You Might Have to Love This Guy *

* But hopefully not. Barry Bonds swings through Seattle on his way to immortality of some sort.

In astronomy, you have the asteroid belt. The science of baseball has an asterisk belt. Baseball’s belt is populated by inflated bodies orbiting near Jovian home-run immortals: Aaron, Ruth, and Mays. The largest asterisk, of course, belongs to Barry Bonds*. During the recent weekend, the dubious luminary of the San Francisco Giants became the greatest local baseball draw since Rafael Palmeiro* came to Safeco Field last July to register his 3,000th career hit in front of appreciative Mariners fans. Ordinarily, the Palmeiro* accomplishment*, along with the feats* of Sammy Sosa* and Mark McGwire*, would be sufficient to earn unchallenged entry into that heavenly destination in Cooperstown, N.Y. Pending proof of steroid use, however, Bonds* et al. might be spending record-book eternity consigned to a purgatory of punctuated shame.

During the M’s Friday-Sunday three-game sweep of the Giants, June 16-18, the controversy enveloping Bonds was scarcely acknowledged by deferential TV and radio announcers. In the third inning of the first game, without even citing Bloated Barry’s alleged transgressions, M’s lead announcer Dave Niehaus and color man (if gray is a color) Dave Valle mused briefly and inconclusively about how historians might assess the left-fielder.

Not facing up to inconvenient truth has become patently American. For example, many would just as soon move on than, say, question whether recent presidential elections were stolen or WMD existed or Major League Baseball players unfairly inflated their bodies and stats.

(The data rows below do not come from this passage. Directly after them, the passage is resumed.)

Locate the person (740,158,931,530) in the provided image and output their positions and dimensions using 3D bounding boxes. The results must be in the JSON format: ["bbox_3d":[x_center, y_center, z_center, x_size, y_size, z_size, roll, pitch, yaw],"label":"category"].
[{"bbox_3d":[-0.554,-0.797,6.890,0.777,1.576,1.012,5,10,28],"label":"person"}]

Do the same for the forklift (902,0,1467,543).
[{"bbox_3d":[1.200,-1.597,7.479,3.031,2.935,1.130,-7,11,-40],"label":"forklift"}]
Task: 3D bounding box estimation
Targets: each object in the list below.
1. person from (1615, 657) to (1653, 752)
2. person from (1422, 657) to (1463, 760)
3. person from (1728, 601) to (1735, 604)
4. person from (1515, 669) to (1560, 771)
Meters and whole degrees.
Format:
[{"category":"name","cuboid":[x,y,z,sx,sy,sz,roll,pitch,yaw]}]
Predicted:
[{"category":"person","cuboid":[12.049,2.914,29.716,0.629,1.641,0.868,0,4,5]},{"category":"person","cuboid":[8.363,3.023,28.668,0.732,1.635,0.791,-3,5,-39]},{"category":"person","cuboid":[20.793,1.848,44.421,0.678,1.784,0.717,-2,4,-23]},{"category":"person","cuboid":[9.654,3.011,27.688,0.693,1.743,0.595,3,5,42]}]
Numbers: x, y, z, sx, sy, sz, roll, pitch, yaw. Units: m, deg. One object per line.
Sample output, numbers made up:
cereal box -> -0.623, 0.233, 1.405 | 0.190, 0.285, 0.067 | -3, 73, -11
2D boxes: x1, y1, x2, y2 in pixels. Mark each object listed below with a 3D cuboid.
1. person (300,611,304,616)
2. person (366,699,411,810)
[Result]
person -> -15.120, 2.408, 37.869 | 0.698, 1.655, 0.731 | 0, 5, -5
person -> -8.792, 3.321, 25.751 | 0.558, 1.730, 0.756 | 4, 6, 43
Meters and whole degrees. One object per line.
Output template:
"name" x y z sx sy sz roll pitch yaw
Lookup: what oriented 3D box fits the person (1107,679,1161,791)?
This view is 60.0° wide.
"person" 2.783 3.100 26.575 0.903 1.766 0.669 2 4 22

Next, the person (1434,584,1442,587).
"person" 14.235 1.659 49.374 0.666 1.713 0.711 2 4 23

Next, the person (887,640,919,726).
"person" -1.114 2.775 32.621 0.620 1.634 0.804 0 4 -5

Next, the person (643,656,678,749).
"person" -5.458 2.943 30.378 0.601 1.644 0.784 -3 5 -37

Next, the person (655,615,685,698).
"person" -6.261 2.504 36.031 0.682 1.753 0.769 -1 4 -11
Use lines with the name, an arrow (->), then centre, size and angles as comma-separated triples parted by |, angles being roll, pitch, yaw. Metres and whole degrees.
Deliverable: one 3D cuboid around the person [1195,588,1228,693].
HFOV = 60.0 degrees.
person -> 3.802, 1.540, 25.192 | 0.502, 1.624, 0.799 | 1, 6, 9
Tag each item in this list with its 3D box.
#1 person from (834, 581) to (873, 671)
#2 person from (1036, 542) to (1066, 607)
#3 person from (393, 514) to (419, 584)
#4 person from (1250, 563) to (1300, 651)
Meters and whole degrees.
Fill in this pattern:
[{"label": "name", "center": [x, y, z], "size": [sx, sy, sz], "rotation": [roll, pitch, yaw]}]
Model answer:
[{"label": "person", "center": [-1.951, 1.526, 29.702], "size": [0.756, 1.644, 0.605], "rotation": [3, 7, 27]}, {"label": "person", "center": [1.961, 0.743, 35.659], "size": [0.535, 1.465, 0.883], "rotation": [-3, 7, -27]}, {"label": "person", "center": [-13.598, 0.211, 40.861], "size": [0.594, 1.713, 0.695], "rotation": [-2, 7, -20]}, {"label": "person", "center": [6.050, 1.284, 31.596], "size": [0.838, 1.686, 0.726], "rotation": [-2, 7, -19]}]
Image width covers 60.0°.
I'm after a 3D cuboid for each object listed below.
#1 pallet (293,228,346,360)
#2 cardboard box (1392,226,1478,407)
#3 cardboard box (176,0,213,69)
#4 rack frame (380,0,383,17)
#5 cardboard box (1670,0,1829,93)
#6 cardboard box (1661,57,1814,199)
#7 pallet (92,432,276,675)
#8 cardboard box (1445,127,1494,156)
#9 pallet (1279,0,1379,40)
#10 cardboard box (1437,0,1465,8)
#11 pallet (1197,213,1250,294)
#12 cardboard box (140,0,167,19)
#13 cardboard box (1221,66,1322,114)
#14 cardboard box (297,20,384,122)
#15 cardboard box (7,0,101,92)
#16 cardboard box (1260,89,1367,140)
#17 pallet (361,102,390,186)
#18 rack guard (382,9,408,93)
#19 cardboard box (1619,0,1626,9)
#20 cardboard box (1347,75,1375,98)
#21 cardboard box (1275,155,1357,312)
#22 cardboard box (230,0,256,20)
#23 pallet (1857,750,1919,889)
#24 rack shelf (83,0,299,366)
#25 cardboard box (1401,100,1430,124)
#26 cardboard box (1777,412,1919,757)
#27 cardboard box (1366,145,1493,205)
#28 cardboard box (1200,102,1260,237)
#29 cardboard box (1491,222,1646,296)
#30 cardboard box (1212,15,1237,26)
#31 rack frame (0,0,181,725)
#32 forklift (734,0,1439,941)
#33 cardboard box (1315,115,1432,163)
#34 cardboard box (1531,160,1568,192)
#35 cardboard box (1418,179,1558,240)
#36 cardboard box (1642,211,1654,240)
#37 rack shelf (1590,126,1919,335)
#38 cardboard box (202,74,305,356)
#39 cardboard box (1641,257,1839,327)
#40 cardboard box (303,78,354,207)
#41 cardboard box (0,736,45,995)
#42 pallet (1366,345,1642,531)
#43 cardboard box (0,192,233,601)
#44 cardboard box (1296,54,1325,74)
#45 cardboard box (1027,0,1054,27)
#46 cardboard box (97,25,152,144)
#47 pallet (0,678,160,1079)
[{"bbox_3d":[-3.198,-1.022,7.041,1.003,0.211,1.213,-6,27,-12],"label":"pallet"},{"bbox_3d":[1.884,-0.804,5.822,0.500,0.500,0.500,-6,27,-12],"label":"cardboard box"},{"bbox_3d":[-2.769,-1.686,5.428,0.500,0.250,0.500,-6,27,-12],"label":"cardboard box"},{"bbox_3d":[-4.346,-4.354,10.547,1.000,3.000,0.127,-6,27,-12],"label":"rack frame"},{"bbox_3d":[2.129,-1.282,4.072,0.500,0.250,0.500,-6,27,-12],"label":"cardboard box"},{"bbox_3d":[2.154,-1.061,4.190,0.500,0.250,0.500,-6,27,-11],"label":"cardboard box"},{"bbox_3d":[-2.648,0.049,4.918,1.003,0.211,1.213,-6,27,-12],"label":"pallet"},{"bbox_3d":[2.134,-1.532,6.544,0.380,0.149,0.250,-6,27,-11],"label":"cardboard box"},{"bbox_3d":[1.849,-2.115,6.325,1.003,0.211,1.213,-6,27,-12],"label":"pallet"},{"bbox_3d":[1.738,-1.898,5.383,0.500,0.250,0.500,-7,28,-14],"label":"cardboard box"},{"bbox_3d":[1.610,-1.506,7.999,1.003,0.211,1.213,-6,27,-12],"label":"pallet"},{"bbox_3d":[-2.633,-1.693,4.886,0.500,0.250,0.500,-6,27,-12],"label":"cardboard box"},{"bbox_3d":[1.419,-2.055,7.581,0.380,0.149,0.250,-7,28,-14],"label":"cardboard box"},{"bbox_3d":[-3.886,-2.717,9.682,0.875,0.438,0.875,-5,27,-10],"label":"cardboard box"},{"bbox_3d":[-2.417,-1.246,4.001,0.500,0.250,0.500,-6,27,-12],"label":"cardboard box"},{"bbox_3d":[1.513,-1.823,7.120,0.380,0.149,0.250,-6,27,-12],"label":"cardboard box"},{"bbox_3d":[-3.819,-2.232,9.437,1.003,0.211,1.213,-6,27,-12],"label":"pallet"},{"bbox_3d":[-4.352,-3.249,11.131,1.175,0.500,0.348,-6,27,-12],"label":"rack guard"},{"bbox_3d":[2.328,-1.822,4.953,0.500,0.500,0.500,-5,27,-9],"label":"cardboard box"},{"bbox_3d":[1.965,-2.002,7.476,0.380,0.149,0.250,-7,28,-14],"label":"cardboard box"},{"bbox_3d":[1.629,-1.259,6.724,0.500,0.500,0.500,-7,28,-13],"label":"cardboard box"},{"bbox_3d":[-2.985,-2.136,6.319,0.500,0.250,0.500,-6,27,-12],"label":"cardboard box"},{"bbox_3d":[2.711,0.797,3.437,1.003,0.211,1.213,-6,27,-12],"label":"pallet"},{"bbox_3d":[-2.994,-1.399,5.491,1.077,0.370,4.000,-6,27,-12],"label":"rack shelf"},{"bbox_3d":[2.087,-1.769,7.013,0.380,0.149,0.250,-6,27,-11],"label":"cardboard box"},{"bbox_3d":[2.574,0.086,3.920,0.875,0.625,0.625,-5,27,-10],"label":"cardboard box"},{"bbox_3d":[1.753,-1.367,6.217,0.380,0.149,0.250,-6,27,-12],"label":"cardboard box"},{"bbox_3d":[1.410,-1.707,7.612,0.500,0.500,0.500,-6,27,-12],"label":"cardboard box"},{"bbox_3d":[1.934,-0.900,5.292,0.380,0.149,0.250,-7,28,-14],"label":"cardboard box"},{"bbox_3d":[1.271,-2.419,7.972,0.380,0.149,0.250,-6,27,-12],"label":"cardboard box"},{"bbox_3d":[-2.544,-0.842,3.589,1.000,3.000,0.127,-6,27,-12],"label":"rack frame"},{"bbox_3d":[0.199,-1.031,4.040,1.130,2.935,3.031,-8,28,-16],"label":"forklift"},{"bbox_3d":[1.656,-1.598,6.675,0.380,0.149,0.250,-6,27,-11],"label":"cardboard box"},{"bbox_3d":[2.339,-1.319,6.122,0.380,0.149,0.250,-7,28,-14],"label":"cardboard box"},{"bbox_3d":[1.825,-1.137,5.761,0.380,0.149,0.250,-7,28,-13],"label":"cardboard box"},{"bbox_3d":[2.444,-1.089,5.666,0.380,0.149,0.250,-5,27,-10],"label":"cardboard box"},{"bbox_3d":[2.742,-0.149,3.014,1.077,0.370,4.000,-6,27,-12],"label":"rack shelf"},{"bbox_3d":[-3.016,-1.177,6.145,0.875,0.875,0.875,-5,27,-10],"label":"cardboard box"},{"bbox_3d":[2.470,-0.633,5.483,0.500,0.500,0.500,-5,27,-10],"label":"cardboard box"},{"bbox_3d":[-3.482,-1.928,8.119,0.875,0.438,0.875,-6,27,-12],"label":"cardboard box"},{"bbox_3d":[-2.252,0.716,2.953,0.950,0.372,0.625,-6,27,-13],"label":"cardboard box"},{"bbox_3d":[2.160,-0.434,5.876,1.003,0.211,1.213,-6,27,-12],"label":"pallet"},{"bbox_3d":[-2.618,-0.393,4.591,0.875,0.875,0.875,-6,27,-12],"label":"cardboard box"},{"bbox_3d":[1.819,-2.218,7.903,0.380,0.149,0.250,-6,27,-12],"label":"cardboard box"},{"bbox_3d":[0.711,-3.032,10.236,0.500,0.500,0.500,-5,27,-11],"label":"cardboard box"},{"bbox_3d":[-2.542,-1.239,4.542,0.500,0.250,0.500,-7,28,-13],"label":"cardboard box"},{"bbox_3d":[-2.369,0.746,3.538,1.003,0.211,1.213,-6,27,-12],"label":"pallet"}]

I witnessed this process of mass delusion in May, when I sat in the right-field bleachers of San Francisco’s AT&T Park. My son and his buddies were overheard by one of Bonds’ myriad adoring Bay Area apologists questioning the integrity of Bonds’ home-run total, which had reached 713*. Ironically, Bonds had been on the field before the game to help fete a consensus greatest-ever player (and, pathetically, Bonds’ nominal godfather), Willie Mays, whose natural-skills heroics were being recalled on his 70th birthday. In any case, the guy in the bleachers insisted that the doubters lay off Bonds, which only emboldened my son and his friends to amplify the razz.

In Seattle, the locals dutifully booed Bonds. Some fans even Bronx-cheered while witnessing the luminary’s 718th* homer Friday night. Later, Buff Barry also took a called third strike in the ninth to give the M’s the victory. Reactions seemed to contradict any notion that Bonds would be a good pickup to play DH here next year. Surely there couldn’t have been anyone older than 3 at Safeco who hadn’t heard that Bonds and others face serious allegations that they took performance-enhancing drugs. Bonds is being investigated at the behest of big-league baseball by George Mitchell, the former U.S. Senate majority leader. Many believe that, when the truth is known about the steroid era, a generation of baseball players will be tainted.

But the Bonds charade proceeds through major-league cities as the arthritic star limps and grimaces toward eclipsing Hank Aaron’s 755-home-run record. During interviews, Bonds insists that he’s become oblivious to adverse fan reactions. Maybe he’s figured out how to filter the jeers and just hear the cheers, of which there actually were some from the season-best weekend crowds. In a more discerning America, cheering would be reserved for efforts such as Saturday’s into-the-crowd catches by Federal Way native Travis Ishikawa, the Giants’ first-baseman. Also worthy of applause was Bonds whiffing in the sixth Sunday on a Jamie Moyer molasses fastball.

Seattle team officials, meanwhile, may not have cheered Bonds but they sure couldn’t complain. After all, he might be an astronomical fraud, but he sure sells a ****load of tickets.